ЧАСТЬ ПЕРВАЯ (август — сентябрь)


...

О свободной смерти

Блаженная осень! Еще ни одна осень не доставляла мне столько радости, впрочем, это, верно, не осень, это я сам, благодаря Заратустре.

Мы гуляли с Заром по Елагину острову, и он казался почти игрушечным, сказочным, если в Эдеме бывала осень, то выглядела она, наверное, именно так.

Небо, светлое в своем недвижимом спокойствии, было теплым, как розовое брюшко моей собаки, если положить на него руку. Нежное осеннее солнце одаривало своим светом кроны деревьев, которые пестрили мягкими цветами детской гуаши — от темно-зеленого до золотистого, охры, атласного, сочно-бордового. Под ногами шелестели опавшие листья, щебетали птицы…

А я вдруг испугался: еще каких-то пару недель — и вся эта красота исчезнет, исчезнет безвозвратно, может быть. Вдруг все это я вижу в последний раз!

«Как хочется умереть осенью!» — подумалось мне.

Захотелось как-то сильнее вздохнуть, запомнить эту картинку, унести с собой эту красоту!

Я опечалился, что явно не подобало моменту, и мне стало обидно, горестно из-за этого страха, из-за этого предчувствия утраты. На глазах я терял способность беззаботно радоваться красоте, которая была ко мне столь добра.

— Да, много в человеке страха… — протянул я.

— Больше, чем ты думаешь, — со свойственной для него причудливой беспечностью сообщил мне Зар.

— Больше?! — мне стало даже не по себе.«Куда уж больше?!» — пронеслось в голове.

— А где нет в человеке страха? — спросил я. — В желании?

— Хорошенькое дело! — расхохотался Зар. — В желании! — он не унимался, не на шутку подтрунивая над моим предположением. — Нет, это я должен уточнить! Страха нет в том, что провоцируется страхом? Ха! Страха нет в том, что служит избеганию страха в страхе перед страхом? Страха нет в том, что требует преодоления страха? Наконец, страха нет в том, что обречено на неудачу и страшится своего фиаско? В этом, значит, нет страха? В желании?! — Заратустра смеялся все звонче и звонче.

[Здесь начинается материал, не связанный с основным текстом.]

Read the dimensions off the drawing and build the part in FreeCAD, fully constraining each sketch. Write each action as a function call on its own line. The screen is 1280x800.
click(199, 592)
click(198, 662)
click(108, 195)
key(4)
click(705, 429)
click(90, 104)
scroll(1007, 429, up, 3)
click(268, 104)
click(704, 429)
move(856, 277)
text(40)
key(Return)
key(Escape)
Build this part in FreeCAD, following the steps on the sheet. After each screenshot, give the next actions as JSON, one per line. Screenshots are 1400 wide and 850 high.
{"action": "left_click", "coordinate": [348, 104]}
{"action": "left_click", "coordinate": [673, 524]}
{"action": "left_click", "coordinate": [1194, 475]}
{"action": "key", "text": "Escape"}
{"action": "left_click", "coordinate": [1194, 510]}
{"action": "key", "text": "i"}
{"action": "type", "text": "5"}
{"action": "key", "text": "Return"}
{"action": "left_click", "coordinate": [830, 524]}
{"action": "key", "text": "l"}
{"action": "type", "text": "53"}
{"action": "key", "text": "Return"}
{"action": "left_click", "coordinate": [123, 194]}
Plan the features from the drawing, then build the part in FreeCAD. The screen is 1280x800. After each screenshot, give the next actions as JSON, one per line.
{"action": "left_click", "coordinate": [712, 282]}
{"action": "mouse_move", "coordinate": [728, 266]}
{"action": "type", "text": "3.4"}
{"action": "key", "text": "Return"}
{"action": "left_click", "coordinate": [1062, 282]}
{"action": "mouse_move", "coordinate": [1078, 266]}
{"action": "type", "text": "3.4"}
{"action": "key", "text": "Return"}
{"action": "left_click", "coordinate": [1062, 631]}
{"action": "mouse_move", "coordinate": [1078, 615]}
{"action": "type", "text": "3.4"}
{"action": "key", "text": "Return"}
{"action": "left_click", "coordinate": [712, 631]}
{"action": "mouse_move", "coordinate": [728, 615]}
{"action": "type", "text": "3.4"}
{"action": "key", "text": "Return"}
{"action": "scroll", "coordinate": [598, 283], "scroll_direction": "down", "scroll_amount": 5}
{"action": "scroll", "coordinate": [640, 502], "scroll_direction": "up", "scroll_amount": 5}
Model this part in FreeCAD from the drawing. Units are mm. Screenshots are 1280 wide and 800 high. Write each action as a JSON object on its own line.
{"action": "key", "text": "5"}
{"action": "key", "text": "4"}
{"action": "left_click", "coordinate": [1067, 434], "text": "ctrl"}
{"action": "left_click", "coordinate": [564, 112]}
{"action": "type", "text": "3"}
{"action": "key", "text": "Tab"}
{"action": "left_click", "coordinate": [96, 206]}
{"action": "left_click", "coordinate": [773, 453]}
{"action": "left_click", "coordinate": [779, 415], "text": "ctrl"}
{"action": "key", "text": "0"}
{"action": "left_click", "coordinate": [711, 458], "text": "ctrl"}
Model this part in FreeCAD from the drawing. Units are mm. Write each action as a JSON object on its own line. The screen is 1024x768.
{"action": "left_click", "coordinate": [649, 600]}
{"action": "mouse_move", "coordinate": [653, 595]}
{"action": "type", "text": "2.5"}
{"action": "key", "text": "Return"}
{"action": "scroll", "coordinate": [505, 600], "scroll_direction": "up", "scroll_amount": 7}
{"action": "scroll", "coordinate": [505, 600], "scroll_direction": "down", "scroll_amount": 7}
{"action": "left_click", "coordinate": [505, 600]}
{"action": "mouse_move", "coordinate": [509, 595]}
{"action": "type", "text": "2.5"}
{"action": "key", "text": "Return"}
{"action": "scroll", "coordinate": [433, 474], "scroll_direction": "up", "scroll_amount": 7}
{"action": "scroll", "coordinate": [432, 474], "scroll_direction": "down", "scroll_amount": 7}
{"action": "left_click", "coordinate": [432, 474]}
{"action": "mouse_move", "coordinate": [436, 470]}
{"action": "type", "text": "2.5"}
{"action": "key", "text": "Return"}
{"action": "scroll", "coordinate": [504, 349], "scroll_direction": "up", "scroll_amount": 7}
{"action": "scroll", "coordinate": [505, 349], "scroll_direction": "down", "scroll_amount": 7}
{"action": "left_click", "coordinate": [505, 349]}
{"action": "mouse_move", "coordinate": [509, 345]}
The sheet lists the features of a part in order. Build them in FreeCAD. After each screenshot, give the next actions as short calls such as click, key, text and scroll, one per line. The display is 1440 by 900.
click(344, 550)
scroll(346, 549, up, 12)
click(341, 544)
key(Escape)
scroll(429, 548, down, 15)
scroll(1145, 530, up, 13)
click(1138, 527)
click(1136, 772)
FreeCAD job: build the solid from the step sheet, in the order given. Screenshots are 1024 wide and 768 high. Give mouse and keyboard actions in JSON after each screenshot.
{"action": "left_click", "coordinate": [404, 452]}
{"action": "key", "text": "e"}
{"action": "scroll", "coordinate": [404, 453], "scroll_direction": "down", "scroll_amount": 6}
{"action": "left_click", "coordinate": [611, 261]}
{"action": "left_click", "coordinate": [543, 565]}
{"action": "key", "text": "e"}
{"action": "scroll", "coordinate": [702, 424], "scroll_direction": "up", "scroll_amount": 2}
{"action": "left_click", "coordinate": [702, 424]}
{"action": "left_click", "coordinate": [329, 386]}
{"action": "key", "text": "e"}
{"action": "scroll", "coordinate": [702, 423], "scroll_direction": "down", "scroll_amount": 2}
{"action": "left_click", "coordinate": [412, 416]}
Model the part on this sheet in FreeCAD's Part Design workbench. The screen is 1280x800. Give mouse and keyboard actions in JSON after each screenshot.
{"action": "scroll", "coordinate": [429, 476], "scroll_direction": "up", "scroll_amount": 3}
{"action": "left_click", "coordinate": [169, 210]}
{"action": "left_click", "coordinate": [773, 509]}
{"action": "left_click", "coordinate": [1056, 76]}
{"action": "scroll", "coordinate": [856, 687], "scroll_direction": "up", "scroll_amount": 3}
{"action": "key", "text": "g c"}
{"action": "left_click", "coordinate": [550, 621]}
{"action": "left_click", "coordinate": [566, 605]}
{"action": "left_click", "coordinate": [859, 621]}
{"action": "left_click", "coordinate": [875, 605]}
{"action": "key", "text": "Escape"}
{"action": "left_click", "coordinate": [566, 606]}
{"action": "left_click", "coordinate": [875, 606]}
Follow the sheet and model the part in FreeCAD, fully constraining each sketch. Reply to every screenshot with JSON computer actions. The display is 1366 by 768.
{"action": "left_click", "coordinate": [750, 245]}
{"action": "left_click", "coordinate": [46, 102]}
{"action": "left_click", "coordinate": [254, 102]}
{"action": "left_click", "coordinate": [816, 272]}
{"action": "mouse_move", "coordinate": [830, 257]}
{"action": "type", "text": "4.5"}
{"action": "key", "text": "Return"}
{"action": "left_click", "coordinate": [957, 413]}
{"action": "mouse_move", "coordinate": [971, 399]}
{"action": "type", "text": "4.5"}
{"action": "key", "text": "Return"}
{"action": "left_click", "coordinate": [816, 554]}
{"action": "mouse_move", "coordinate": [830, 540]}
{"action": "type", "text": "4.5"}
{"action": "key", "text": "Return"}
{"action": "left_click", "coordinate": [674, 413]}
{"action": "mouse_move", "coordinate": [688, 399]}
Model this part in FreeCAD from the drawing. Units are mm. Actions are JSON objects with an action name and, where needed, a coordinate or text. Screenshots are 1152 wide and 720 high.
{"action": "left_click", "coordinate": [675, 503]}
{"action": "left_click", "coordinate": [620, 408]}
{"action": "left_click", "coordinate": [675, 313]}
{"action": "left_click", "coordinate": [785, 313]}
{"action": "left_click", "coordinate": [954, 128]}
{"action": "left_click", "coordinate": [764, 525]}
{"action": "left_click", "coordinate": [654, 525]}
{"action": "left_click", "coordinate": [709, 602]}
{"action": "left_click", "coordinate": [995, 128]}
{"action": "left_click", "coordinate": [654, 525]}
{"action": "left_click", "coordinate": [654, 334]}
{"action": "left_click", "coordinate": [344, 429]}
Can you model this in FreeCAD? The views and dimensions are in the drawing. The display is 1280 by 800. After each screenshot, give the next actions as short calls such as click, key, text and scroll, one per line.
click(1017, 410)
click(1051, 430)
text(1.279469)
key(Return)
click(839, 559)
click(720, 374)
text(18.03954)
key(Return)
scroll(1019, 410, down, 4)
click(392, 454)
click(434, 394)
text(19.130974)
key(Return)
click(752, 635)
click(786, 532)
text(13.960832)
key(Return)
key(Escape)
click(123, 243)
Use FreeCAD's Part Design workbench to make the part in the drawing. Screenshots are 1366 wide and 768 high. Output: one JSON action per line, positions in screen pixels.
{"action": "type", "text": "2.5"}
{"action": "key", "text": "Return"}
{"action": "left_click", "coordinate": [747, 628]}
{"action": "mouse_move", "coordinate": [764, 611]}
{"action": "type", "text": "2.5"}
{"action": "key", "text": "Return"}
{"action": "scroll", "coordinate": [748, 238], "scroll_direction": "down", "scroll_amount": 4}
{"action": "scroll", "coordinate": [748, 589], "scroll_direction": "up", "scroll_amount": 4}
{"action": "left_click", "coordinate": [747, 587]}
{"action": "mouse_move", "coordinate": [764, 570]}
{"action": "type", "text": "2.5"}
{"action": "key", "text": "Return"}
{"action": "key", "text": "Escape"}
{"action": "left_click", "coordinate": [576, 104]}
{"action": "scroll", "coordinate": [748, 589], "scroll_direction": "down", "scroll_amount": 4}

Через какое-то время я, конечно, тоже захихикал над собственной глупостью — где уж тут удержаться! Но в голове у меня творилось что-то невообразимое — мир после третьей мировой: уродливая пустыня, покрытая снегом!

«Ну, тогда значит все страх?! Прелестно! Пятерка! А дальше-то что?»

Пока внутри моей головы бесновались остатки довоенной роскоши: тараканы, крысы, вороны — и те, кстати сказать, изрядно потрепанные, — Заратустра валялся в золотых россыпях опавшей листвы на огромной, озаренной солнцем поляне. Подобно фонтану он вздымал вверх целые охапки листьев, падал на землю и омывался этим золотым дождем.

— Блеск! — кричал Заратустра. — Вот хорошо! Это надо же, такая красота! Обалдеть! Ха-ха-ха! Это надо же! Ха-ха-ха!

Я смотрел на него сначала испуганный, затем удивленный, потом завороженный, и наконец во мне что-то щелкнуло:

— Зар, Зар, я понял! Здесь, в этом мире, во внешнем, в нем самом по себе нет страха! — голос мой оборвался.

Заратустра замер. Недвижимо он лежал на земле в золотом саване листьев — тихо, спокойно, недвижимо. Его взор, казалось, безвозвратно ушел в высокое небо и не желал возвращаться.

— Ты видишь мир таким, каков он есть, или таким, каким ты его видишь? — спросил он, не поднимая головы.

— Таким, как я его вижу, — ответил я.

— То есть он пугает тебя? — уточнил Зар, не меняя прежнего размеренного тона.

— Выходит, так, — согласился я.

— У вас говорят: «Рыба гниет с головы»? — У нас, — выпалил я.

И вдруг мне стало так стыдно! Нет, не перед Заром, нет. Мне было стыдно перед всем этим миром! Стыдно, что я не радуюсь этой осени, осени, которую так люблю! Не радуюсь, потому что люблю и боюсь одновременно, боюсь, что вот-вот и конец: листья почернеют, раздетые деревья будут зябнуть на морозном ветру, жалобно поднимая вверх кривые обнаженные руки, выпадет снег, и конец.

Заратустра лежал неподвижно, словно мертвый, укрытый листвой, и только ветер колебал складки его царственного наряда. Я подбежал к нему и упал на колени. Он не шелохнулся, глаза его были закрыты, а лицо, лицо приобрело бледный, пепельный, оттенок.

Даже лучшее делаем мы отвратительным, мы жизни приписываем смерть и хотим жизни. Я смотрел на Заратустру, словно заживо погребенного, смотрел и плакал, плакал, окруженный этим величественным миром, миром, в котором я почему-то хотел умереть.

— С неживущими хочу говорить я о смерти, — прошептал Заратустра и открыл глаза, странная уверенность горела в них.

На следующий день я выполнил его просьбу, благо, за кандидатами на подобное собеседование далеко ходить не надо.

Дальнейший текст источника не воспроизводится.